In private, Pakistani officials say they fear that another penetration of the line will lead to Pakistani Kashmiris being killed by Indian troops, thereby triggering another war with India.

For more than 45 years, Pakistan has supported the liberation of Kashmiris from Indian "occupation." In 1947, the Hindu prince who ruled Kashmir united with India even though a majority of his subjects were Muslims. Two subsequent wars left India holding two-thirds of the disputed state, and Pakistan one-third, an area known by Pakistanis as Azad or Free Kashmir.

Pakistan has argued ever since for Kashmiri self-determination, under Pakistani control. In a 1972 treaty, India and Pakistan agreed to negotiate the issue bilaterally without recourse to international arbitration, but no negotiations have taken place; the option of Kashmiri independence has never been discussed.

The Islamabad government denied permission for the Feb. 12 march, but in a bid to show Pakistan's solidarity with the Kashmiri cause, Prime Minister Nawaz Sharif called on Feb. 5 for a national strike in his own country in support of Kashmiri rights.

Islamabad's paramilitary police erected barricades and dynamited roads leading to Azad Kashmir and the disputed border. The New Delhi government similarly put its troops on alert, mined the border area, and vowed to shoot anyone attempting to cross.

But marchers in Pakistan were undeterred. When they set off, the sun was shining. Most were on foot, some crammed onto motorcycles carrying three people each, the rest loaded into cars. There was even a contingent of women, clad in delicate sandals with veils covering their hair.

Khan, a former school headmaster and leader of the Jammu and Kashmir Liberation Front (JKLF), led the march dressed in a sports jacket and tie.

On Feb. 12, the weather changed to freezing rain and snow. In a narrow gorge just three miles from the disputed border, 1,500 hard-core, unarmed activists approached lines of a Pakistani paramilitary police force. The police opened fire.

The JKLF has never been Islamabad's favorite among the 20-odd Kashmiri groups receiving Pakistani support. Its secularist philosophy and desire for independence differs greatly from the Mujahideen Party, an Islamic fundamentalist group that urges Pakistani control. This group is the principal recipient of Pakistan's support.

India has consistently accused Pakistan of "terrorism," arming the Kashmiri militants and sending them across the cease-fire line into Indian-held Kashmir.

The JKLF is one of the oldest Kashmiri liberation groups. But in the last two years since the uprising in Indian-held Kashmir gained momentum, the JKLF went into debt and lost support to the better-organized, and better-armed Mujahideen Party. JKLF rallies support

A sense of unease now pervades Pakistani-controlled Kashmir. After the latest Kashmiri march was fired upon, JKLF demonstrators marched in Muzaffarabad, chanting, "Pakistani dogs go home."

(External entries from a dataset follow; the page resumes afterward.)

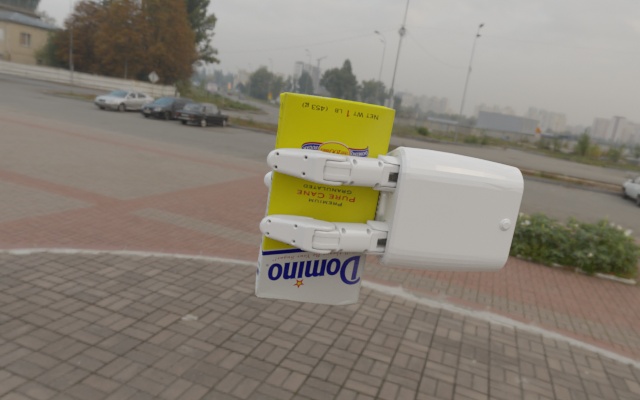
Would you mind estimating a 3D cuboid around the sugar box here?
[{"bbox_3d":[0.000,0.001,0.412,0.093,0.176,0.048,7,12,-9],"label":"sugar box"}]
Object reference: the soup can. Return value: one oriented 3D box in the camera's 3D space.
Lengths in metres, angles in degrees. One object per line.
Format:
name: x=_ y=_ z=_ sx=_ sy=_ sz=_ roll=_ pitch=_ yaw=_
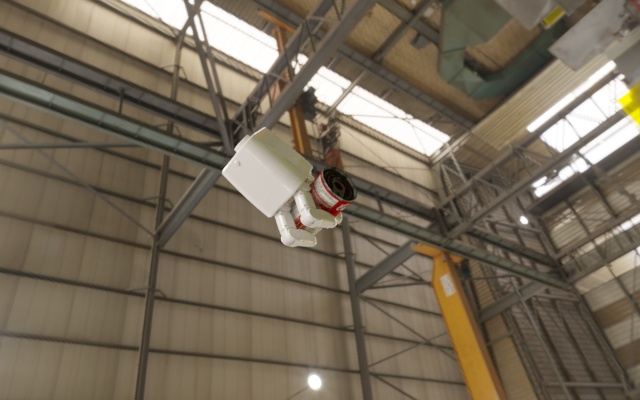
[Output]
soup can: x=0.000 y=0.003 z=0.762 sx=0.068 sy=0.068 sz=0.102 roll=0 pitch=-35 yaw=-47

The local government, long associated with the ruling Pakistani Muslim League, now finds its credentials as a nominal Kashmiri government are under fire. A series of strikes has been called to protest the shootings; the elderly Kashmiri Prime Minister Bardar Qayyum was the target of a recent grenade attack.

Army officials have denied the unrest in Pakistani-held Kashmir represent the beginning of an uprising there.

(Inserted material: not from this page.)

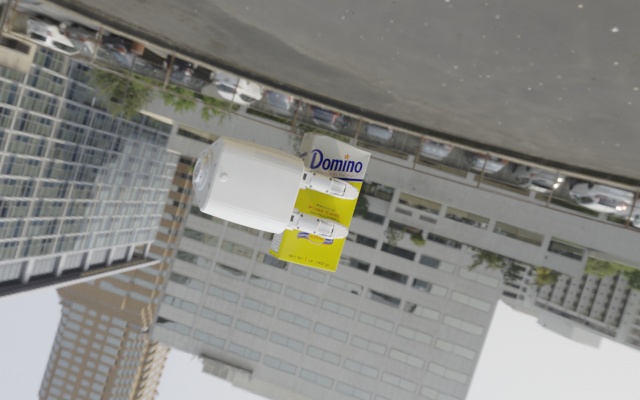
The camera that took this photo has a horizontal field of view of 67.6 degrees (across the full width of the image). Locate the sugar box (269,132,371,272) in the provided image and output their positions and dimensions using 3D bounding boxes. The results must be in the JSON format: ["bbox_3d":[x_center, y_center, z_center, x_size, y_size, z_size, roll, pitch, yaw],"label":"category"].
[{"bbox_3d":[0.000,0.002,0.661,0.093,0.176,0.048,16,2,-26],"label":"sugar box"}]

"Four thousand people do not represent the beginnings of public agitation," commented one Army official, downgrading the size of the Feb. 12 march.

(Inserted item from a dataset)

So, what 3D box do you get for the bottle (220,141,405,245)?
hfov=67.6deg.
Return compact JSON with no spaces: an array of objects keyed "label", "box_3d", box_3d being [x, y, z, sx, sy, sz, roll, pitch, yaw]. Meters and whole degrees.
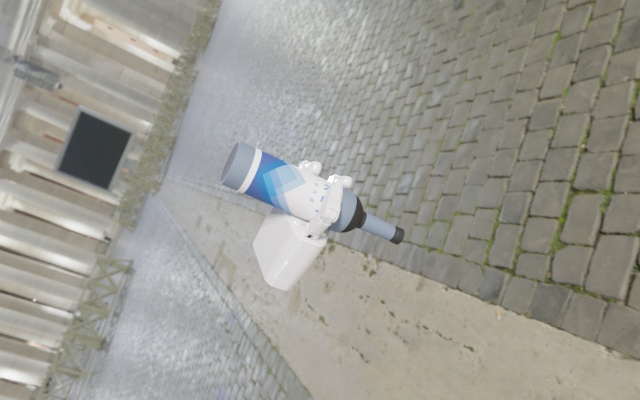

The question now being asked is whether the leadership of the JKLF will be able to capitalize on the upsurge in popularity they have enjoyed since the march. The group is poorly organized and currently operates from a tiny one-room office in Muzaffarabad.

Much will depend on what attitude Pakistan displays toward the option of independence. At present, Prime Minister Sharif will only say that the Kashmiris should be allowed self-determination. He does not say whether he would oppose independence. What he does say, however, is that he will not be able to exercise the "painful duty" of preventing Kashmiris from trying to march into Indian-controlled Kashmir.